Der Zugang zur Berufsunfähigkeits- und Invaliditätspension ist nach wie vor äußerst schwierig.

Dass die abgeschaffte Frühpension zu einer regelrechten Flucht in die Invaliditätspension bzw. in die Berufsunfähigkeitspension geführt habe, ist eine weit verbreitete Auffassung. Sie wird auch oft als Argument gebraucht, um eine Reform bzw. vielmehr eine Verschärfung der Anspruchsvoraussetzungen dieser Pensionsart zu fordern.

Berufsunfähigkeit kein Schlupfloch

Zahlen und Fakten bestätigen die behauptete Zunahme nicht. Eine von der Arbeiterkammer im Zusammenhang mit der von Sozialminister Erwin Buchinger initiierten Reform der Invaliditätspension erstellte Studie kommt zur Erkenntnis, dass die Zahl der gesundheitsbedingten Pensionen sogar gesunken ist. Nämlich um insgesamt rund 20.000 im Zeitraum zwischen 2000 bis 2006. Die Zahl der Neuzuerkennungen ist in derselben Zeit um ca. 2.000 zurückgegangen. Und das, obwohl gleichzeitig das Antrittsalter für die vorzeitige Alterspension angehoben worden ist.

Diese Entwicklung macht deutlich, dass der Zugang zu dieser Pensionsart keineswegs einfach ist und von einem ausufernden Anstieg keine Rede sein kann. Mit jedem Pensionsantrag auf Invaliditäts- bzw. Berufsunfähigkeitspension ist eine genaue medizinische Prüfung der Anspruchsvoraussetzungen verbunden, und die Zahl der über diesen Weg zuerkannten Pensionen widerspiegelt vielmehr die massiven Belastungen und gesundheitlichen Beeinträchtigungen durch  die gegenwärtige Arbeitswelt. Jeder krankheitsbedingten Pension liegt also eine massive Erkrankung oder Beeinträchtigung zugrunde. Konkret erfordert die Zuerkennung einer Berufsunfähigkeitspension bzw. einer Invaliditätspension, dass die Arbeitsfähigkeit eines/einer Versicherten so weit gesunken ist, dass sie weniger als die Hälfte gesunder Versicherter mit vergleichbarer Berufsausbildung sowie gleichwertigen Fähigkeiten und Kenntnissen beträgt bzw. im Falle von angelernten Berufen weniger als die Hälfte einer zumutbaren Tätigkeit. Menschen, die über diesen Weg aus dem Erwerbsleben ausscheiden müssen, den Vorwurf zu machen, sie würden ein Schlupfloch nutzen, um nicht mehr arbeiten zu müssen, ist durchaus als zynisch zu bezeichnen.

Schwerarbeitspension

Gesundheitliche Dauerbelastungen am Arbeitsplatz gehören heute immer mehr zum beruflichen Alltag. Eine Pensionierung vor dem Regelpensionsalter begründen sie jedoch keineswegs. So wird etwa durch die restriktive Regelung der Schwerarbeitspension, nur für eine kleine Gruppe Schwerarbeit leistender Menschen ein Ausscheiden vor dem Regelpensionsalter ermöglicht. Beispielsweise profitieren Frauen, bevor ihr gesetzliches Pensionsantrittsalter an das der Männer angeglichen ist, de facto nicht von dieser Möglichkeit. Außerdem werden psychisch belastende Tätigkeiten, die gegenwärtig zunehmen und auch oft den Ausschlag für die Zuerkennung einer krankheitsbedingten Pension geben, bei den Anspruchsvoraussetzungen für die Schwerarbeitspension völlig unzureichend berücksichtigt.

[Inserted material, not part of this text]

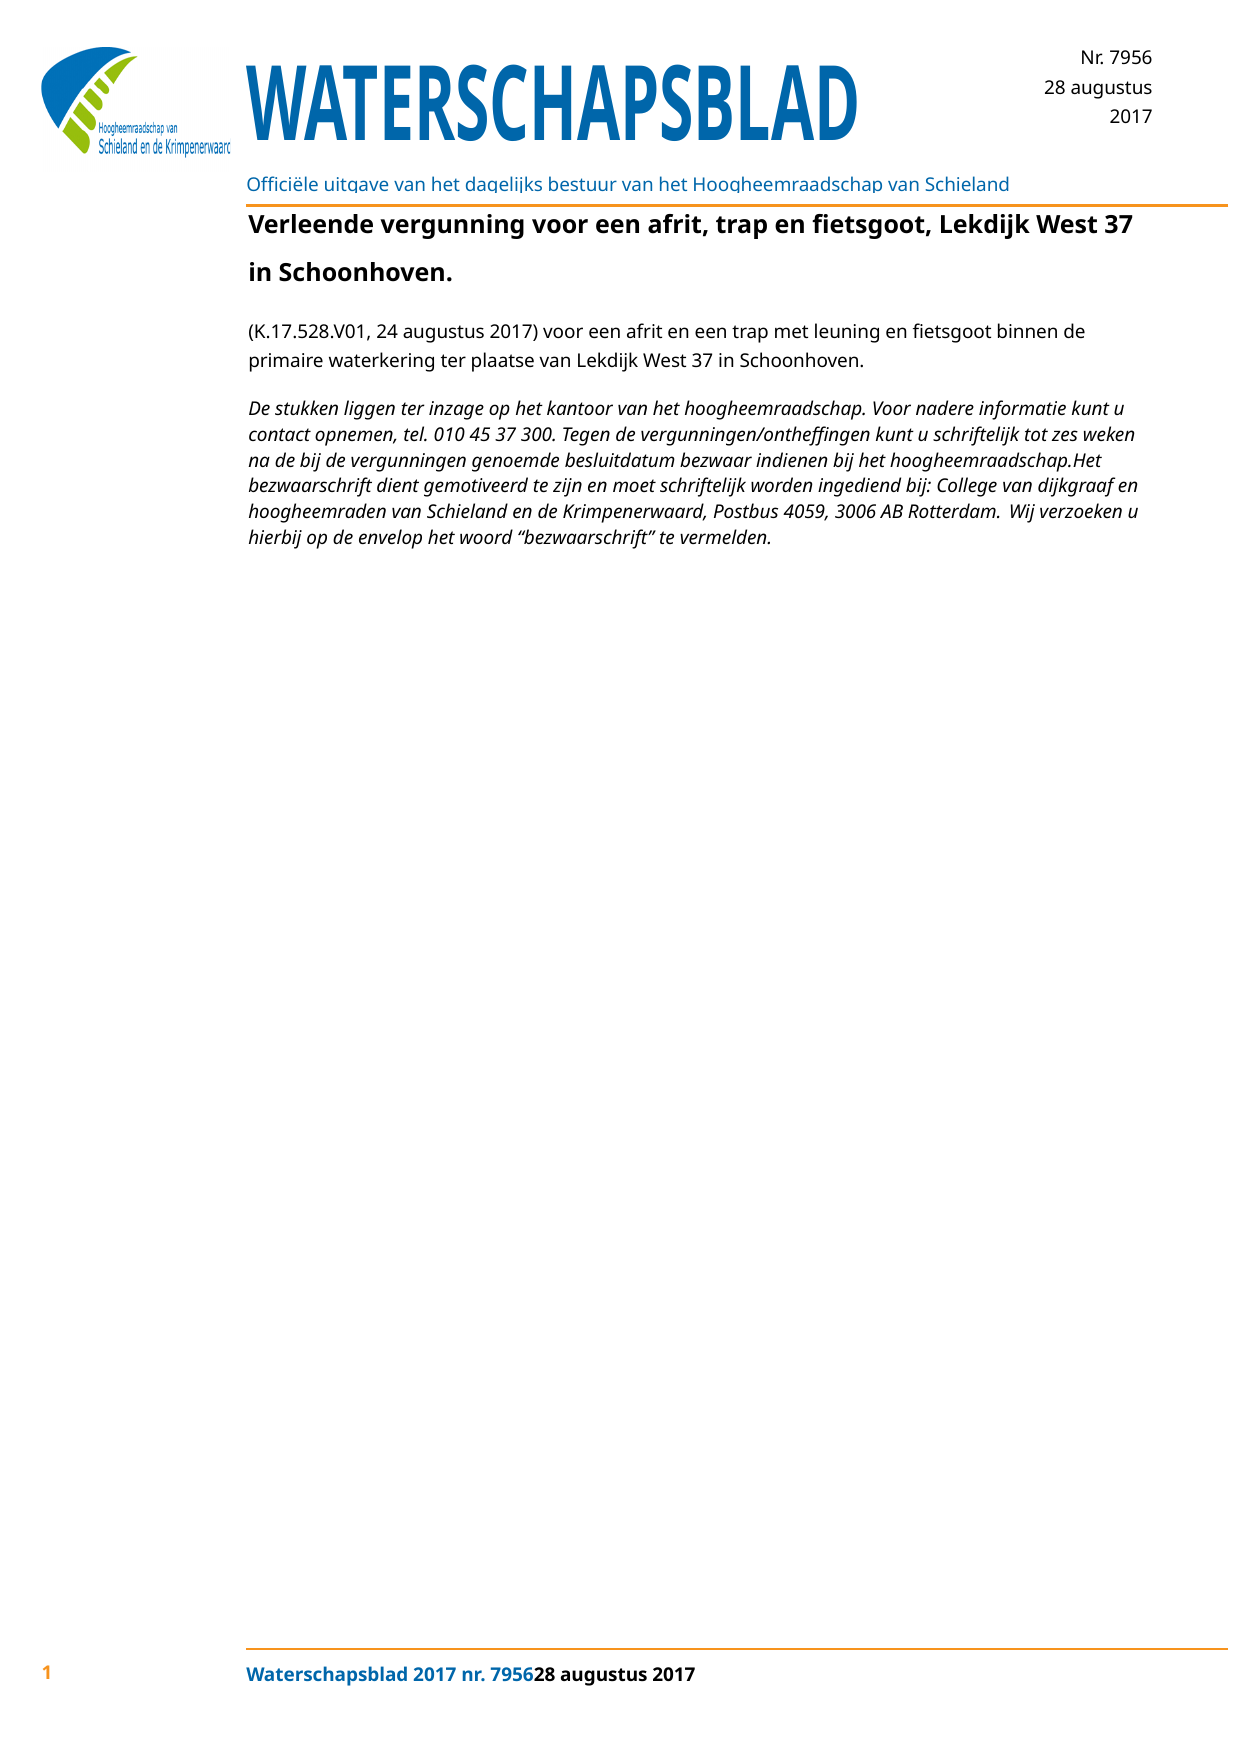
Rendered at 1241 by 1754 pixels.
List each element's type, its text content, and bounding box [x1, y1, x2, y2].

Zugangserleichterungen notwendig

Um eine Schwerarbeitspension in Anspruch nehmen zu können, ist es erforderlich, zehn Schwerarbeitsjahre innerhalb der letzten 20 Jahre vor Pensionsantritt vorweisen zu können. Dass die meisten Menschen eher in jungen Jahren schwer arbeiten und später in andere Tätigkeiten wechseln, weil sie Schwerarbeit nicht mehr schaffen, ignoriert die aktuelle Regelung zur Gänze.

Die arbeitsweltbedingten gesundheitlichen Risiken, die gleichzeitig bestehende Anforderung, länger im Erwerbsleben zu bleiben wie auch die Unsicherheit der Menschen hinsichtlich ihrer Alterssicherung machen im Pensionssystem vielfältige Maßnahmen erforderlich. Im Bereich der Berufs- und Invaliditätspensionen ist es etwa notwendig, Zugangserleichterungen insbesondere für ältere, gesundheitlich erheblich beeinträchtigte Menschen zu schaffen, deren Wiedereingliederung in den Arbeitsmarkt unrealistisch ist. Sie werden oft jahrelang zwischen Arbeitsmarktservice und Pensionsversicherung hin und her geschoben. Eine verbesserte Koordinierung dieser Institutionen wäre zudem sinnvoll und im Interesse der Betroffenen. Unbedingt notwendig ist auch eine deutliche Anhebung der Pensionsleistung, das veranschaulichen die durchschnittlich ausbezahlten Leistungen: 2006 betrug die durchschnittliche Höhe der Invaliditäts- und Berufsunfähigkeitspensionen für Frauen 513 Euro, die der Männer 976 Euro.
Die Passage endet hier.